(Data begins)

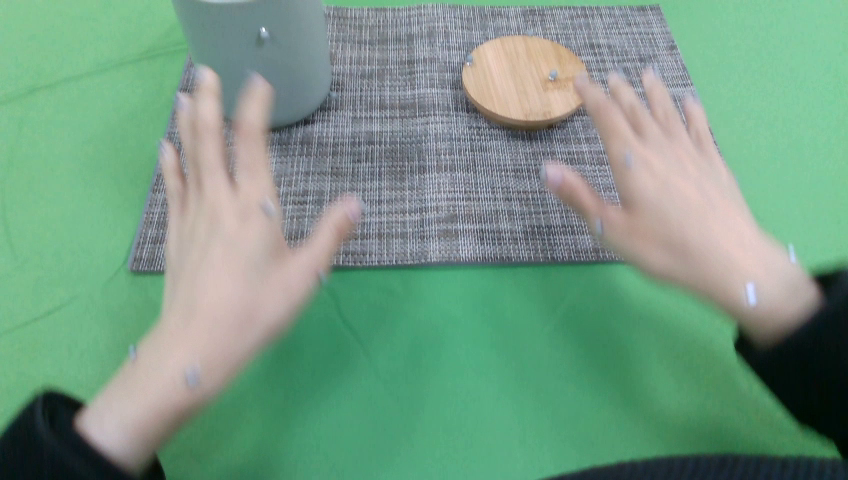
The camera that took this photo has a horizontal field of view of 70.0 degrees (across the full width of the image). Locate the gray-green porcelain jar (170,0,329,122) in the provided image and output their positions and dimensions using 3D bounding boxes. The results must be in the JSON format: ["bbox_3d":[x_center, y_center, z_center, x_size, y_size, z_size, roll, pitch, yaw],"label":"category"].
[{"bbox_3d":[-0.130,-0.164,0.466,0.106,0.127,0.105,1,56,-1],"label":"gray-green porcelain jar"}]

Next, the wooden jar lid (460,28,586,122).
[{"bbox_3d":[0.084,-0.141,0.522,0.108,0.021,0.107,0,55,0],"label":"wooden jar lid"}]
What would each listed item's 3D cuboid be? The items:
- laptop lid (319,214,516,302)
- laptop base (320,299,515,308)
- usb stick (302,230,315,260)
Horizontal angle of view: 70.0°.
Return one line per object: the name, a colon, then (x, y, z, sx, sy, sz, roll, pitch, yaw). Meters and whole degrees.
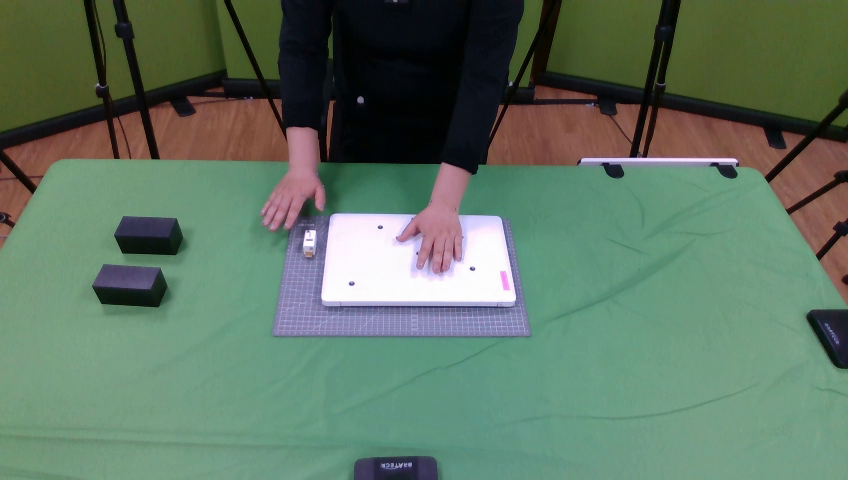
laptop lid: (-0.013, 0.029, 1.154, 0.357, 0.013, 0.240, 2, 43, -3)
laptop base: (-0.014, 0.039, 1.160, 0.355, 0.023, 0.234, 0, 43, -4)
usb stick: (-0.223, 0.011, 1.163, 0.021, 0.027, 0.059, 3, 49, -5)
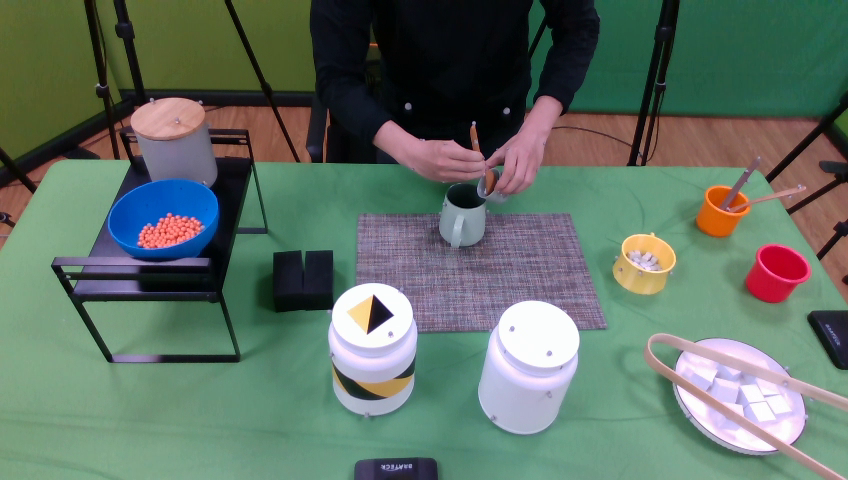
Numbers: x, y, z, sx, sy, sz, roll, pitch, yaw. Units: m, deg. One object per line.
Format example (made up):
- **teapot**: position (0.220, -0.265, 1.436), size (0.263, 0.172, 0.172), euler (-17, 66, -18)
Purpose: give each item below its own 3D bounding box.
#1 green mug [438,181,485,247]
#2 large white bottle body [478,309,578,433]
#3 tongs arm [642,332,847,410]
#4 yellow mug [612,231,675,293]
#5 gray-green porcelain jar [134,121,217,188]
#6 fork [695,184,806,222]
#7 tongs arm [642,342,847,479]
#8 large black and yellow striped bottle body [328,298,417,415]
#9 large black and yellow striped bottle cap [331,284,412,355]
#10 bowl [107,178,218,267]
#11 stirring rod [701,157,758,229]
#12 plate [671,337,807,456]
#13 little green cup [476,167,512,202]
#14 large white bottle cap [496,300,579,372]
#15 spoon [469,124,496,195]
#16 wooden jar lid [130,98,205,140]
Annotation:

(Data ends)

What are the lines from the one with "#5 gray-green porcelain jar [134,121,217,188]" through the last line of the records above? Quote them exactly and add nothing.

Written response:
#5 gray-green porcelain jar [134,121,217,188]
#6 fork [695,184,806,222]
#7 tongs arm [642,342,847,479]
#8 large black and yellow striped bottle body [328,298,417,415]
#9 large black and yellow striped bottle cap [331,284,412,355]
#10 bowl [107,178,218,267]
#11 stirring rod [701,157,758,229]
#12 plate [671,337,807,456]
#13 little green cup [476,167,512,202]
#14 large white bottle cap [496,300,579,372]
#15 spoon [469,124,496,195]
#16 wooden jar lid [130,98,205,140]
Annotation:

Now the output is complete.